Otherwise I'm not sure what you want here. If you want more macOS / Apple OS support you'll need availability checks like this since the versions are runtime limited. And if you want to avoid the availability check even on Linux, then you'll also have to check OS target from the compiler. You could test and see if the availability check actually has any impact on Linux but since you're targeting server development, limiting your Apple deployment targets to eliminate availability checking seems like a fine idea.

example? :slight_smile: (here is my current GitHub action)

personally it doesn’t matter to me if the package doesn’t build for an Apple Watch, this is just me trying to do my part for the community.

this ended up working for the entire CI matrix:

@inlinable public static 
func encodeBigEndian<Words>(_ words:Words, as _:String.Type = String.self, 
    by ascii:(UInt8) throws -> UInt8) rethrows -> String
{
    #if os(macOS) || os(iOS) || os(tvOS) || os(watchOS) 
    if #available(macOS 11.0, iOS 14.0, tvOS 14.0, watchOS 14.0, *)
    {
        return try .init(unsafeUninitializedCapacity: 2 * MemoryLayout<Words>.size)
        {
            var utf8:UnsafeMutableBufferPointer<UInt8> = $0
            try Self.encodeBigEndian(words, utf8: &utf8, by: ascii)
            return $0.count
        }
    }
    else 
    {
        return .init(decoding: try Self.encodeBigEndian(words, as: [UInt8].self, by: ascii), 
            as: Unicode.UTF8.self)
    }
    #elseif swift(>=5.4)
    try .init(unsafeUninitializedCapacity: 2 * MemoryLayout<Words>.size)
    {
        var utf8:UnsafeMutableBufferPointer<UInt8> = $0
        try Self.encodeBigEndian(words, utf8: &utf8, by: ascii)
        return $0.count
    }
    #else 
    return .init(decoding: try Self.encodeBigEndian(words, as: [UInt8].self, by: ascii), 
        as: Unicode.UTF8.self)
    #endif 
}

You can find plenty of examples online, including SPI's build commands, but the short of it is that you use xcodebuild to find the scheme it generates for your package, then build that scheme for the relevant platform.

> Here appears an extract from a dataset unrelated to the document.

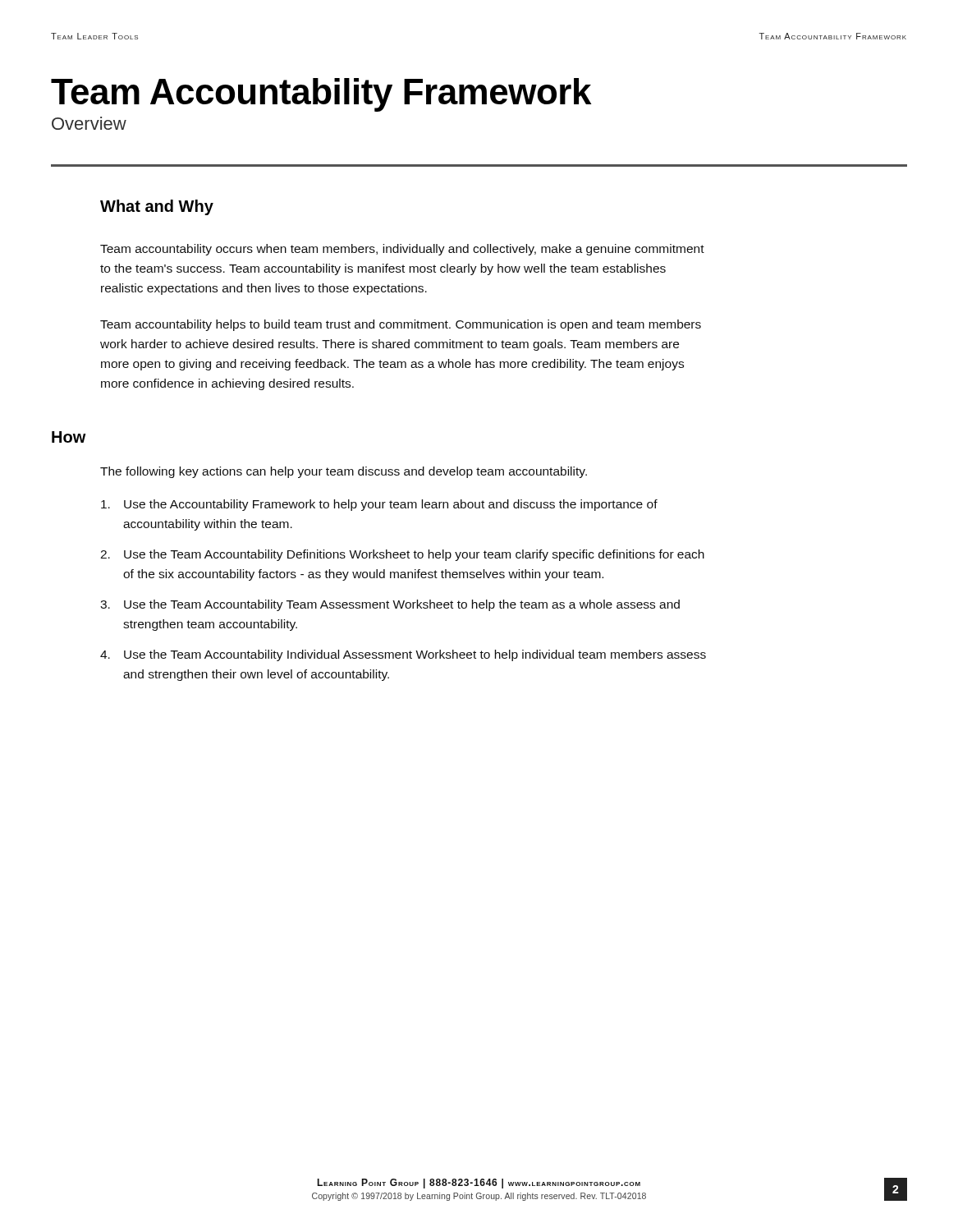Click on the text block with the text "Team accountability occurs when team members, individually"

404,269

Given Apple's limited support for Swift on their own platforms, most projects limit support to whatever version of Xcode is required to ship to the store (Xcode 13 ATM, so Swift 5.5), with OS support dependent on the features you need. For your usage there doesn't seem to be much value in supporting Swift <5.5, but that's up to you. I think your desire to avoid the availability check at runtime is really what's expanding the cases you handle, but that's up to you.

1 Like

i got as far as

xcodebuild build -scheme swift-hash-Package -destination generic/platform=ios

but i keep getting

error: unable to resolve product type 'com.apple.product-type.tool' for platform 'iphoneos' (in target 'sha2-tests' from project 'swift-hash')

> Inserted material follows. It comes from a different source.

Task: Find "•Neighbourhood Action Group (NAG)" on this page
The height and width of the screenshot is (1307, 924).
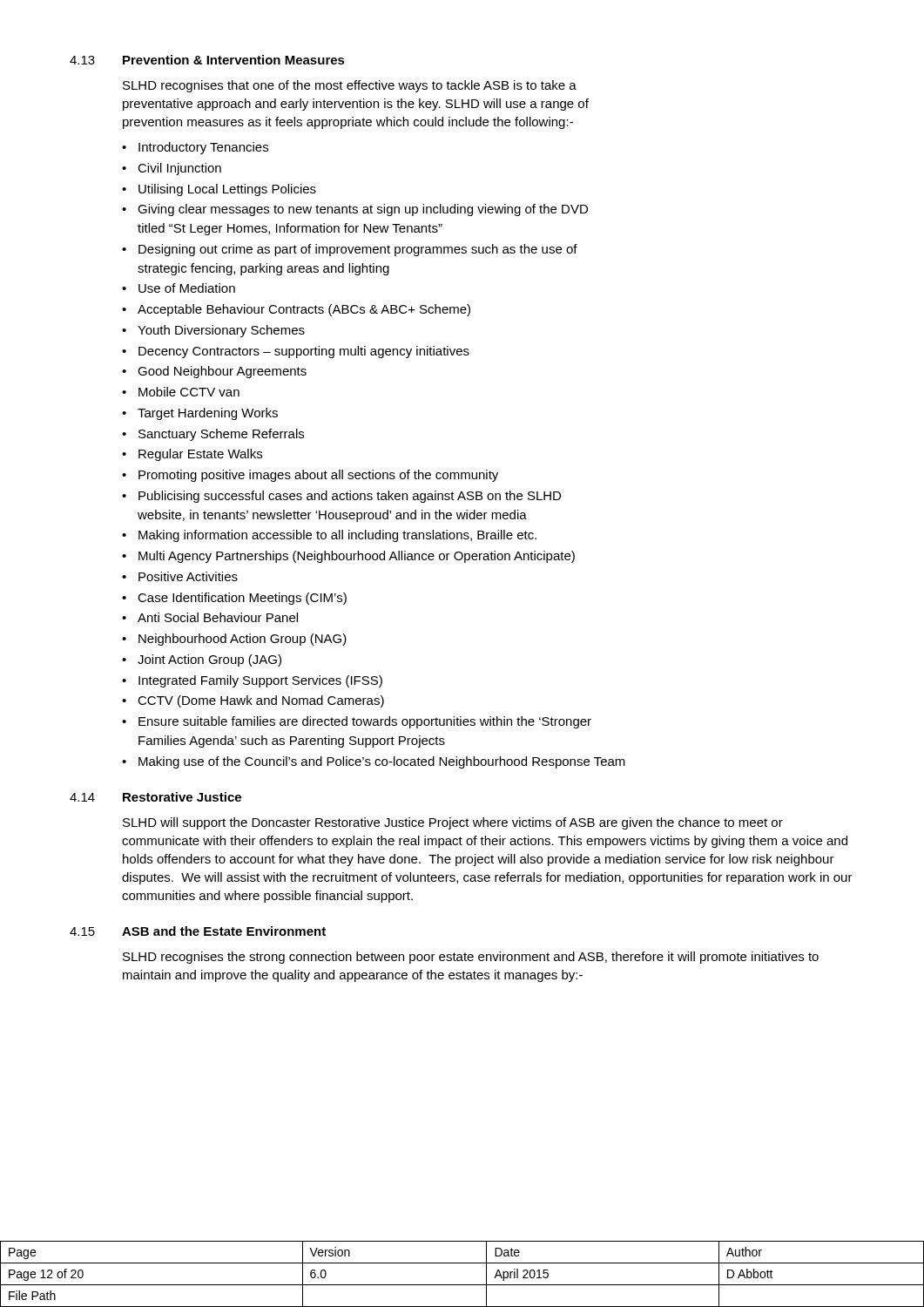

i thought this was because of executables in the Package.swift, so i tried conditionally excluding them, but i still get the same error.

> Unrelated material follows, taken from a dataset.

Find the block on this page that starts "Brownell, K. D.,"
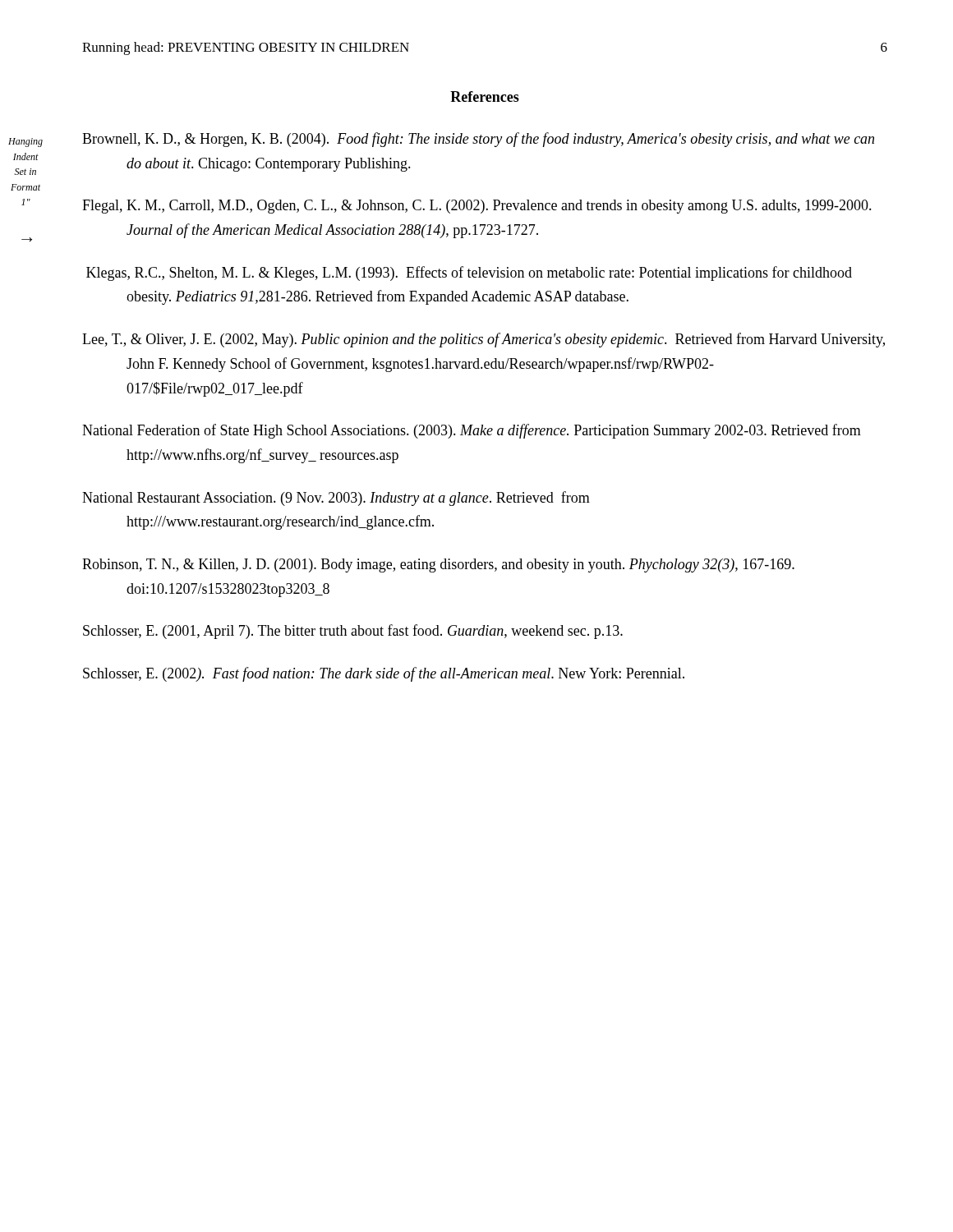Image resolution: width=953 pixels, height=1232 pixels. (479, 151)

#if os(iOS) || os(tvOS) || os(watchOS) 
let tools:[Product] = []
let executables:[Target] = []
#else 
let tools:[Product] = 
[
    .executable(name: "sha2-tests", targets: ["SHA2Tests"]),
]
let executables:[Target] = 
[
    .executableTarget(name: "SHA2Tests", 
        dependencies: 
        [
            .target(name: "SHA2"),
        ],
        path: "Tests/SHA2"),
]
#endif 

any ideas?

To the original question, you can use our polyfill.

1 Like

As noted in your side question (Why won’t swift-hash build on the Swift Package Index?), this is likely because you haven't correctly excluded your executable target.